Input records:
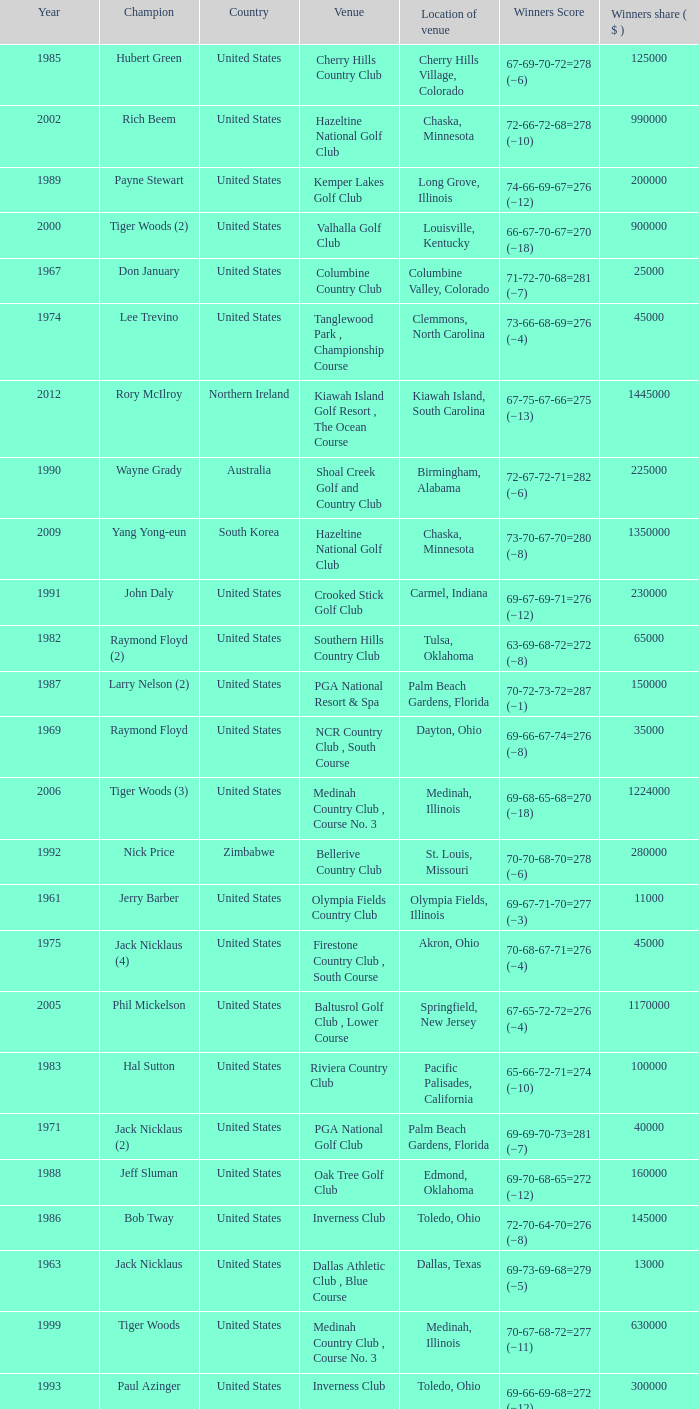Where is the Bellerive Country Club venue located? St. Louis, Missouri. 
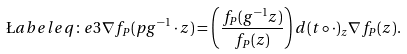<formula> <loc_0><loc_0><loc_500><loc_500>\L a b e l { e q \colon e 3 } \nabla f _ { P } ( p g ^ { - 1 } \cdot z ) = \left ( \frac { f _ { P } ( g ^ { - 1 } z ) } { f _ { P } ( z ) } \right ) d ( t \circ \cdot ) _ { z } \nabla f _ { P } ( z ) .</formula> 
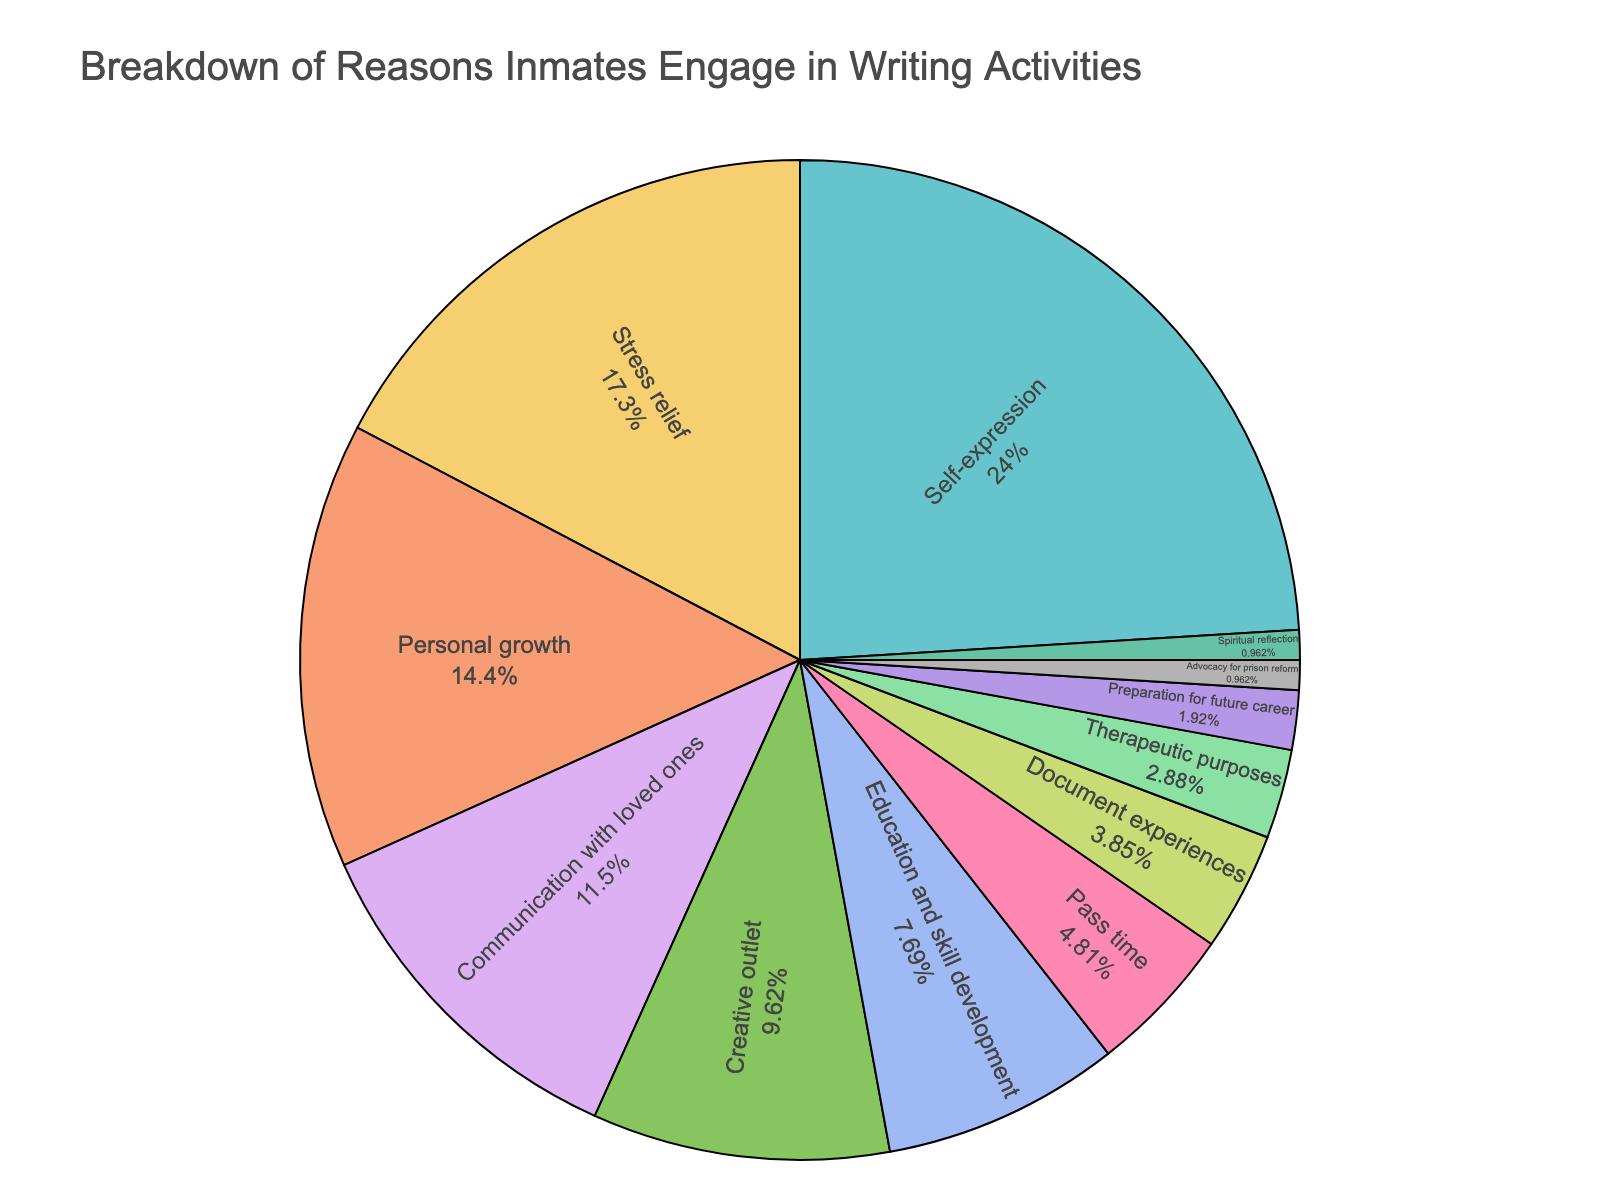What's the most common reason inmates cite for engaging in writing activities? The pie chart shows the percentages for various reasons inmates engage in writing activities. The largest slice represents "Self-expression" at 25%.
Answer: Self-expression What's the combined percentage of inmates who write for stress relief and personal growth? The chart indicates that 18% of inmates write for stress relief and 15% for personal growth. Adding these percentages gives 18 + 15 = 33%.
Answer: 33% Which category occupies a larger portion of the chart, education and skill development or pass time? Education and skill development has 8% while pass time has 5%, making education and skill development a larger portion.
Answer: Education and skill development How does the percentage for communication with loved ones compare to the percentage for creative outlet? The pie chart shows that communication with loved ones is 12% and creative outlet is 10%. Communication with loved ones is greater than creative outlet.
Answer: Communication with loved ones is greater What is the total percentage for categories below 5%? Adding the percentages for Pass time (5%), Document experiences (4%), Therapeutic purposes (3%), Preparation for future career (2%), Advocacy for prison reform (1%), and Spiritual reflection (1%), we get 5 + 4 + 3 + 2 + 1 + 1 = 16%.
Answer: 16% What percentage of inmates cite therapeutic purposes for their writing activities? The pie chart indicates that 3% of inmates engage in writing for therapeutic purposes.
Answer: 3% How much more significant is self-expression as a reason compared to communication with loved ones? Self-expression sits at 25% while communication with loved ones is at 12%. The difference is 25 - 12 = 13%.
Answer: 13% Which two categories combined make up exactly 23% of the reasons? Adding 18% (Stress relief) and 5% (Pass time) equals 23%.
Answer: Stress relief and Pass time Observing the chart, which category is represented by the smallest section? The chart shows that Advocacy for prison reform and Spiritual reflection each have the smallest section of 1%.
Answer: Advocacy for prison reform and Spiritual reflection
==
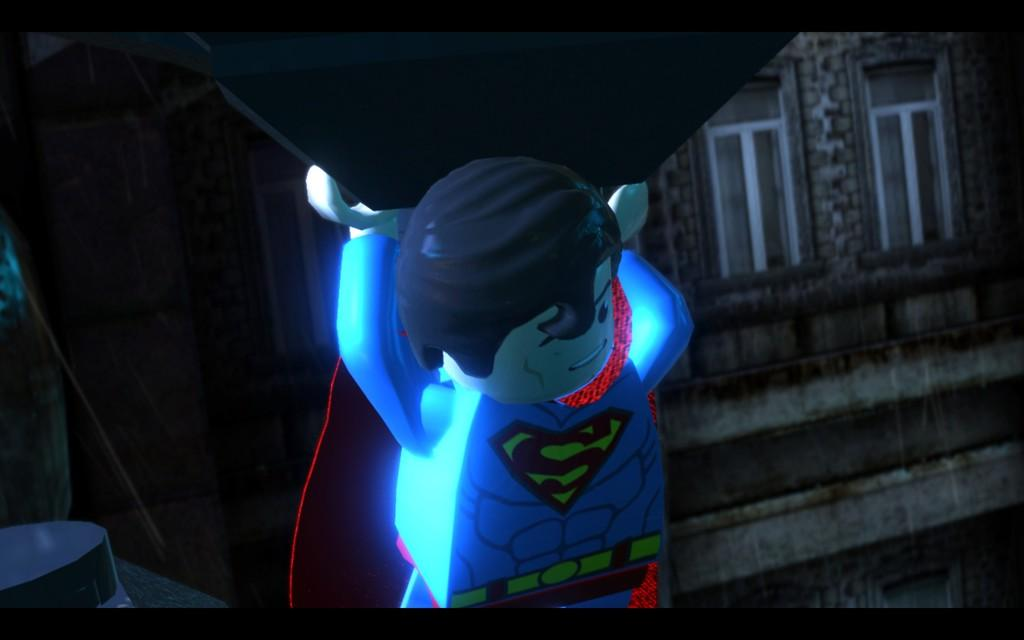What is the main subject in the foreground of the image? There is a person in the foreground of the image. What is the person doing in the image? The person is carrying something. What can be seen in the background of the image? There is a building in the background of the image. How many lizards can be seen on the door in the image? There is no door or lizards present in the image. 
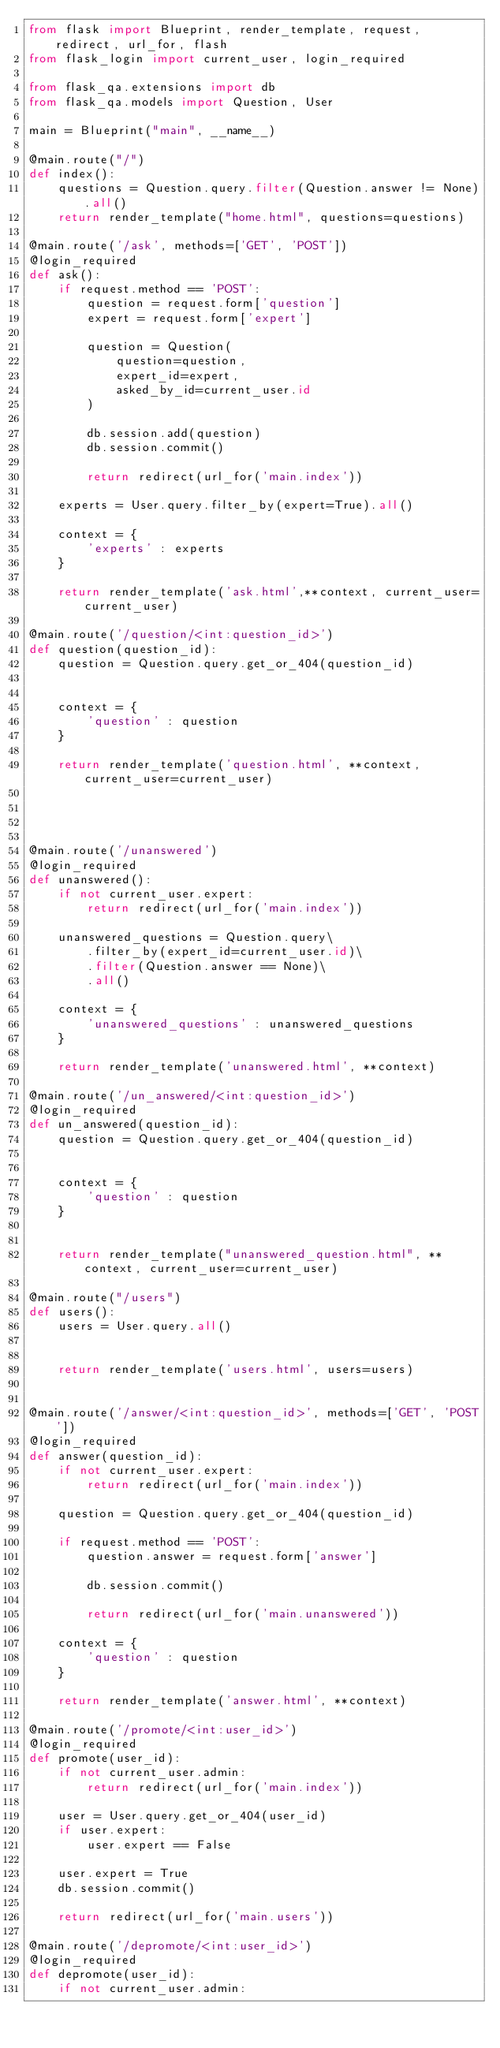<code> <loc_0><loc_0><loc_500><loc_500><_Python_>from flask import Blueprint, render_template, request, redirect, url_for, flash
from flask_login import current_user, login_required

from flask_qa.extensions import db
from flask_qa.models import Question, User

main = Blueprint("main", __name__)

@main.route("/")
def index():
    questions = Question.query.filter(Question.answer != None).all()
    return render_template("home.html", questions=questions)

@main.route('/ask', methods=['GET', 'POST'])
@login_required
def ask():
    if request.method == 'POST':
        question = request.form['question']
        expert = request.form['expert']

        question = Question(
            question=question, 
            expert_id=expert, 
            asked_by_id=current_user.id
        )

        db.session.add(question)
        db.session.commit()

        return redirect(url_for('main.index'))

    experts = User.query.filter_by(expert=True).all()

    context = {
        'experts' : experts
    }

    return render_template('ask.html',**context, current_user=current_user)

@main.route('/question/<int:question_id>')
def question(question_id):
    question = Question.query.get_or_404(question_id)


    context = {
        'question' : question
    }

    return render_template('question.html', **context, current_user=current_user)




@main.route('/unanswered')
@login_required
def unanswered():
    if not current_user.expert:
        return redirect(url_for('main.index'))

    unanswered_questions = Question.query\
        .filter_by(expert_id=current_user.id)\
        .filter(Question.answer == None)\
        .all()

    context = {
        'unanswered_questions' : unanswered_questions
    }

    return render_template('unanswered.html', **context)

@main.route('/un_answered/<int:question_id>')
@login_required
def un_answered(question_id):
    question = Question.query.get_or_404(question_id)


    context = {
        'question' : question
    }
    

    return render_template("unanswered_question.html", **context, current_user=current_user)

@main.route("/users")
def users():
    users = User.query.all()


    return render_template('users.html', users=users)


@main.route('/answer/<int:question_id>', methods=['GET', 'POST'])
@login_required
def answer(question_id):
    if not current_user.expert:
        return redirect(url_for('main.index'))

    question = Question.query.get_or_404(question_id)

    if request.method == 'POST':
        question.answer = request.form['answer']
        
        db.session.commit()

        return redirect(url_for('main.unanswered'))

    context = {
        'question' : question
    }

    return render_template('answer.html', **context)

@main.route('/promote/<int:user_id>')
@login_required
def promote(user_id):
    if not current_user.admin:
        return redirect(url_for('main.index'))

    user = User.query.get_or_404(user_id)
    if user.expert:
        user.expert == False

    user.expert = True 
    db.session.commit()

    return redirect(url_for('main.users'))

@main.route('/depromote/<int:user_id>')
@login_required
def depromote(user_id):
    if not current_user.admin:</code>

Instructions to follow: Everything between and including the line above containing "Where is the" and the line containing "What's the most" should be reproduced exactly, with pictures excluded.

Solution to the problem:
Where is the Bellerive Country Club venue located? St. Louis, Missouri. 
<formula> <loc_0><loc_0><loc_500><loc_500>\L a b e l { e q \colon e 3 } \nabla f _ { P } ( p g ^ { - 1 } \cdot z ) = \left ( \frac { f _ { P } ( g ^ { - 1 } z ) } { f _ { P } ( z ) } \right ) d ( t \circ \cdot ) _ { z } \nabla f _ { P } ( z ) .</formula> 
What's the most common reason inmates cite for engaging in writing activities? The pie chart shows the percentages for various reasons inmates engage in writing activities. The largest slice represents "Self-expression" at 25%.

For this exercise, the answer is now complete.